This month’s Power 5 Sake Challenge takes a look at 5 different sake that could be considered “strange.” Is being strange a bad thing? Heck no! In fact it’s quite a differentiator in a market that has so many sake to choose from. It other words these 5 sake are unique and very much worth a taste if you want to expand your sake frontiers! And remember sake brewers would not make something that tastes like crap just to be unique! In fact it’s quite the opposite. The makers of these 5 different brews feel like they made great tasting sake and that’s why they are different! This is a great example of how and where sake came from and where we are headed. And the future is glorious. 

Power 5 A

1) Kamoizumi Aged Nama “Red Maple”

  • I’ve been preaching the age your namazake mantra for well over a decade, and this Hiroshima brewery heard me! There is so much going on in aged unpasteurized brew. It’s so much looking for the old and new in this sake. 


2) Kanbara Aged Yamahai Koshu “Ancient Treasure”

  • I once referred to this sake as the Koshu “Twilight Zone.” It is out there man! Such an adventurous sake on so many levels. First it has all of the wonderful appearances of an aged brew, but the flavor field is immense and so varied. From citrus tones to cocoa you will find it all in one of the really amazing expressions of aged sake.
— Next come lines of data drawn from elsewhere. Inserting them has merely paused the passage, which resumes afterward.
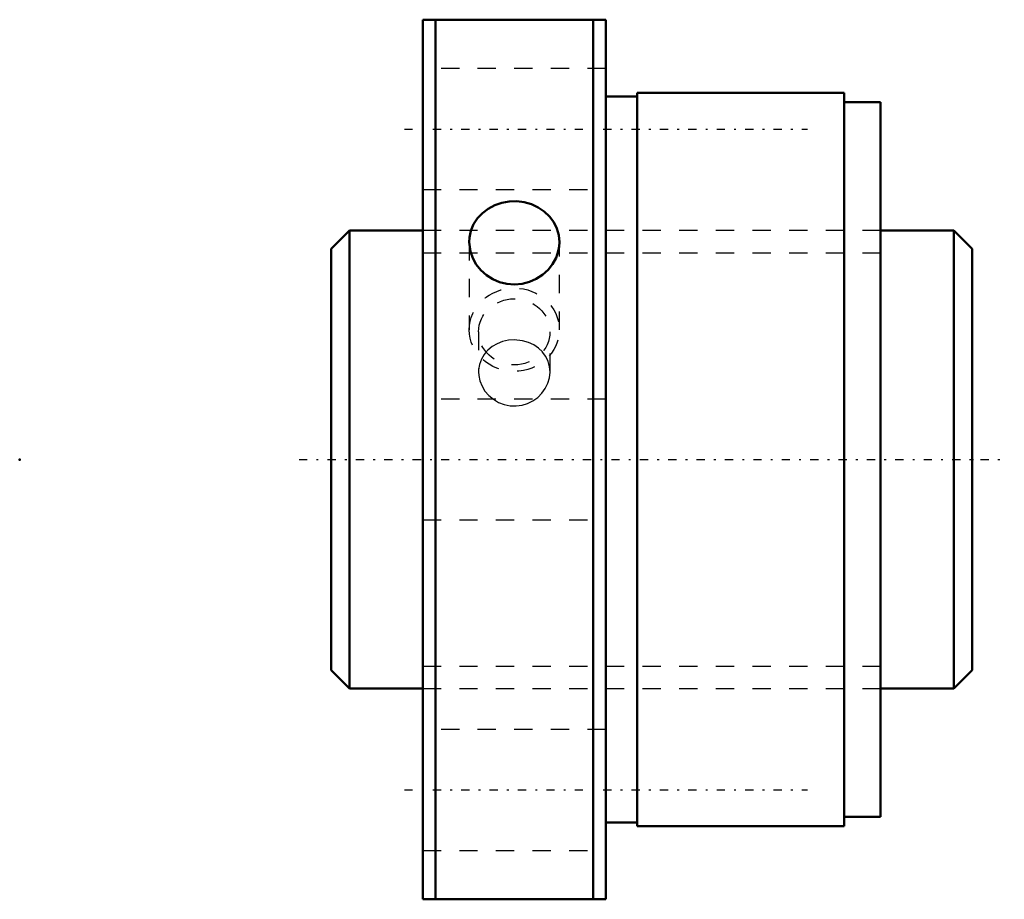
# Model space of a CAD drawing. Header units: millimetres. Extents: x -22 to 31.8, y -24 to 24.
import ezdxf

# ---------------------------------------------------------------- set-up
doc = ezdxf.new("R2010")
doc.units = ezdxf.units.MM
doc.linetypes.add('Center', pattern=[1.5, 0.45, -0.5, 0.05, -0.5])
doc.linetypes.add('Dashed', pattern=[2, 1, -1])
for name, color, linetype, lineweight in [('2d ConnectionPoints', 7, 'Continuous', 50), ('AM_0', 7, 'Continuous', 50), ('AM_5', 3, 'Continuous', 25), ('AM_7', 7, 'Center', 25), ('AM_9', 6, 'Dashed', 25)]:
    doc.layers.add(name, color=color, linetype=linetype, lineweight=lineweight)

# ---------------------------------------------------------------- blocks, each defined once
blk = doc.blocks.new('1_SDA_V_serieSDA2505V_3nut_0_in_SDA2505V_3G0_35LC0_0G000__0')
at = {"layer": 'AM_0'}
for p, q in [((0, 24), (0, -24)), ((10, 24), (0, 24)), ((0.7, 24), (0.7, -24)), ((9.3, 24), (9.3, -24)), ((10, 24), (10, -24)), ((11.7, 20), (11.7, -20)), ((23, 20), (11.7, 20)), ((23, 20), (23, -20)), ((11.7, 19.8), (10, 19.8)), ((25, 19.5), (23, 19.5)), ((25, 19.5), (25, -19.5)), ((10, -19.8), (11.7, -19.8)), ((23, -19.5), (25, -19.5)), ((11.7, -20), (23, -20)), ((0, -24), (10, -24))]:
    blk.add_line(p, q, dxfattribs=at)
for points in [[(7.459, 11.863), (7.423, 12.243), (7.32, 12.61), (7.151, 12.953), (6.922, 13.265), (6.637, 13.536), (6.307, 13.76), (5.938, 13.931), (5.543, 14.043), (5.133, 14.094), (4.719, 14.083), (4.314, 14.01), (3.929, 13.877), (3.573, 13.688), (3.258, 13.448), (2.992, 13.161), (2.782, 12.836), (2.636, 12.482), (2.556, 12.108), (2.542, 11.863)], [(2.542, 11.863), (2.546, 11.727), (2.605, 11.347), (2.733, 10.98), (2.923, 10.637), (3.173, 10.327), (3.475, 10.059), (3.82, 9.842), (4.2, 9.682), (4.601, 9.586), (5.014, 9.555), (5.426, 9.59), (5.825, 9.69), (6.201, 9.853), (6.543, 10.072), (6.842, 10.343), (7.089, 10.656), (7.277, 11.003), (7.401, 11.372), (7.444, 11.616), (7.459, 11.863)]]:
    blk.add_lwpolyline(points, dxfattribs=at)
at = {"layer": 'AM_7'}
for p, q in [((-1, 18.031), (21, 18.031)), ((-1, -18.031), (21, -18.031))]:
    blk.add_line(p, q, dxfattribs=at)
at = {"layer": 'AM_9'}
for p, q in [((10, 21.331), (0, 21.331)), ((0, 14.731), (10, 14.731)), ((25, 12.5), (0, 12.5)), ((2.542, 11.863), (2.542, 7.08)), ((7.459, 7.08), (7.459, 11.863)), ((3.05, 6.967), (3.05, 4.783)), ((6.95, 4.783), (6.95, 6.967)), ((10, 3.3), (0, 3.3)), ((0, -3.3), (10, -3.3)), ((0, -12.5), (25, -12.5)), ((10, -14.731), (0, -14.731)), ((0, -21.331), (10, -21.331))]:
    blk.add_line(p, q, dxfattribs=at)
for points in [[(5, 6.527), (4.68, 6.504), (4.359, 6.433), (4.066, 6.32), (3.79, 6.161), (3.554, 5.966), (3.46, 5.867)], [(6.535, 5.873), (6.323, 6.075), (6.061, 6.254), (5.775, 6.388), (5.457, 6.48), (5, 6.527)], [(3.46, 5.867), (3.353, 5.732), (3.203, 5.473), (3.1, 5.185), (3.054, 4.892), (3.05, 4.784)], [(6.95, 4.783), (6.926, 5.063), (6.847, 5.354), (6.72, 5.619), (6.542, 5.865), (6.535, 5.873)], [(3.05, 4.784), (3.062, 4.585), (3.123, 4.291), (3.239, 4), (3.4, 3.735), (3.61, 3.491), (3.856, 3.286), (4.142, 3.119), (4.444, 3.003), (4.772, 2.937), (5.094, 2.926), (5.422, 2.969), (5.728, 3.062), (6.021, 3.206), (6.28, 3.392), (6.511, 3.621), (6.694, 3.878), (6.834, 4.166), (6.919, 4.46), (6.95, 4.769), (6.95, 4.783)]]:
    blk.add_lwpolyline(points, dxfattribs=at)
for centre, major_axis in [((5, 7.08), (-2.459, 0)), ((5, 6.967), (-1.95, 0))]:
    blk.add_ellipse(centre, major_axis=major_axis, ratio=0.92388, dxfattribs=at)
blk = doc.blocks.new('2_000SDA2505V_30Shaft_0_in_SDA2505V_3G0_35LC0_0G000__0')
at = {"layer": 'AM_0'}
for p, q in [((-4, 12.5), (-5, 11.5)), ((0, 12.5), (-4, 12.5)), ((-4, 12.5), (-4, -12.5)), ((29, 12.5), (25, 12.5)), ((30, 11.5), (29, 12.5)), ((29, 12.5), (29, -12.5)), ((-5, 11.5), (-5, -11.5)), ((30, 11.5), (30, -11.5)), ((-5, -11.5), (-4, -12.5)), ((29, -12.5), (30, -11.5)), ((-4, -12.5), (0, -12.5)), ((25, -12.5), (29, -12.5))]:
    blk.add_line(p, q, dxfattribs=at)
at = {"layer": 'AM_5', "linetype": 'Dashed'}
for p, q in [((0, 11.273), (25, 11.273)), ((0, -11.273), (25, -11.273))]:
    blk.add_line(p, q, dxfattribs=at)
at = {"layer": 'AM_7'}
blk.add_line((-6.75, 0), (31.75, 0), dxfattribs=at)
at = {"layer": 'AM_9'}
for p, q in [((25, 12.5), (0, 12.5)), ((0, -12.5), (25, -12.5))]:
    blk.add_line(p, q, dxfattribs=at)

msp = doc.modelspace()

# ---------------------------------------------------------------- linework, layer by layer
at = {"layer": '2d ConnectionPoints'}
for p in [(-22, 0), (0, 0), (30, 0)]:
    msp.add_point(p, dxfattribs=at)

# ---------------------------------------------------------------- block references
for name in ['1_SDA_V_serieSDA2505V_3nut_0_in_SDA2505V_3G0_35LC0_0G000__0', '2_000SDA2505V_30Shaft_0_in_SDA2505V_3G0_35LC0_0G000__0']:
    msp.add_blockref(name, (0, 0))

doc.saveas('drawing.dxf')

    3) Ichishima Karen “Coy” 

    • I love discovery sakes that take drinkers in new directions and facets of sake appreciation. One of my favorite breweries in Niigata prefecture Ichishima made a sake that went out looking for new customers, and boy did it work. This lower alcohol (10%) was made to appeal to those who like fruity and light sakes. With an SMV of -23 and an acidity of 2.9 you’d think this brew would be in conflict, but quite the opposite, it's very well balanced and super drinkable for those who don’t like boozy sake. 


    4) Tamagawa Kimoto Junmai “Time Machine”

    • Stop me if you have heard this one before. An eccentric British sake maker finds an ancient recipe for sake from 1712 and decides to make it for the modern masses? Just another sake story, but one that is so fun and tasty from Kyoto Prefecture’s Tamagawa with Philip Harper at the helm. It’s not every day that you can taste history, but then again you can taste what sake tasted like in 1712 every day that you want to and you should! 


    5) Dewatsuru Junmai “Sakura Emaki” 

    • Anything the wine world can do the sake world can do, but only better. Wine has Rose, and the sake making world has an ancient heirloom purple varietal rice that brews into a rose-like color. This lower alcohol effort (12%) is incredibly well balanced and has flavors that match the colors in your glass.